30 Maj 2022, 14:49
Skoro było czuć spaleniznę, to znaczy że powstało zwarcie.
Zacznij od odłączenia klem od aku i sprawdź jakie jest na aku napięcie. Jak będzie 12V, to można uznać, że aku jest ok. Nie pisz, że nie jest to problem z aku, ponieważ my nie wiemy jaki jest twój zakres wiedzy odnośnie elektryki samochodowej w tym o akumulatorach. Napisz konkretnie - odłączyłem, mierzyłem jest tyle i tyle.

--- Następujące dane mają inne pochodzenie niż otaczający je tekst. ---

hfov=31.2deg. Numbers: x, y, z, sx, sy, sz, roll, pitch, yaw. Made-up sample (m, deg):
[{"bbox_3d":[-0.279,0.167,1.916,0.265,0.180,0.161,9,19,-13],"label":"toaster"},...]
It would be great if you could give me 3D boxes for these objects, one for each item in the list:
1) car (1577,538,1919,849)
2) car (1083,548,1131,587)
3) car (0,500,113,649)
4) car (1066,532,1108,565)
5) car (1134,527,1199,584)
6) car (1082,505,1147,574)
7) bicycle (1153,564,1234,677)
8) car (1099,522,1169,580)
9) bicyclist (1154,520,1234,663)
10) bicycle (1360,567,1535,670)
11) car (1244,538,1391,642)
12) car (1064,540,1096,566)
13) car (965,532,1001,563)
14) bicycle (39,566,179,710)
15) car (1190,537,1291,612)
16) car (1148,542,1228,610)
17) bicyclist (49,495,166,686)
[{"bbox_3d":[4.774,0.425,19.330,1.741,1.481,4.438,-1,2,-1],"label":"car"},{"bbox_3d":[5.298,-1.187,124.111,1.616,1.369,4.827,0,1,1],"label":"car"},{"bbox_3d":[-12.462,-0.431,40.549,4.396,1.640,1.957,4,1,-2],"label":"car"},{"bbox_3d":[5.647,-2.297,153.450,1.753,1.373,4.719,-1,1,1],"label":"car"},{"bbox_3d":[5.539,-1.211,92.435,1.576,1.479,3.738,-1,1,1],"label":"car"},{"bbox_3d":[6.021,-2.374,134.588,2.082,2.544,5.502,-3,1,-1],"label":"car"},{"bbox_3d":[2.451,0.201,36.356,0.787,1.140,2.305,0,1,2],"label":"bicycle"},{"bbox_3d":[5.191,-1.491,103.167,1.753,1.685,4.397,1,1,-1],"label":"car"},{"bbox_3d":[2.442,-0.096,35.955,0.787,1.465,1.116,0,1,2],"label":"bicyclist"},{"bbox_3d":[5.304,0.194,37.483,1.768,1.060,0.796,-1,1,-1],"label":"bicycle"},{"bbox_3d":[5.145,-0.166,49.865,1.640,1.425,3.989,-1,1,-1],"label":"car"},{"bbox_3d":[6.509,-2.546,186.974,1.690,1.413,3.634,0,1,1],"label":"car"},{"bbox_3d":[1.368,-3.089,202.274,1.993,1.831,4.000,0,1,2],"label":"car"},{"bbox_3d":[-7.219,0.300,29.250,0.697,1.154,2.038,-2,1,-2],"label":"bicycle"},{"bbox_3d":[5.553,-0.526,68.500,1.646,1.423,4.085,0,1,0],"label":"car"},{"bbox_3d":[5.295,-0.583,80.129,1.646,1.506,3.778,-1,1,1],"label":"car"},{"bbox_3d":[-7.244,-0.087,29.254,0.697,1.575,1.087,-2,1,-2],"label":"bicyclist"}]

Kolejna sprawa - sprawdź miejsce połączenia klemy z kablem - czy nie jest tam coś nadpalone, luźne itd.
Dalej - sprawdź miejsce przykręcenia przewodu masowego od aku do karoserii - czy nie jest luźne, nadpalone, zardzewiałe, zaśniedziałe itd. Najlepiej odkręć, wyczyść i zakręć. Zwróć również uwagę na klemę i kabel.
Nie pomyl pojęcia klema z bolcami na aku.
Dalej - sprawdź bezpiecznik F7 od stacyjki. Powinien być 30A MAXI, czyli te całkiem duże. Następnie odepnij kostkę stacyjki i sprawdź czy przychodzi napięcie z aku. Jak przychodzi, to musisz tak pokombinować, żeby wpiąć kostkę do stacyjki, ale żeby mieć możliwość sprawdzenia napięcia na przewodach w kostce, po przekręceniu stacyjki w pozycję kontrolek. Czyli musisz sprawdzić, czy stacyjka ma przejście, czy się wypaliła.
Odpuść dzisiaj, nie spiesz się na cmentarz i nie zabieraj tam innych...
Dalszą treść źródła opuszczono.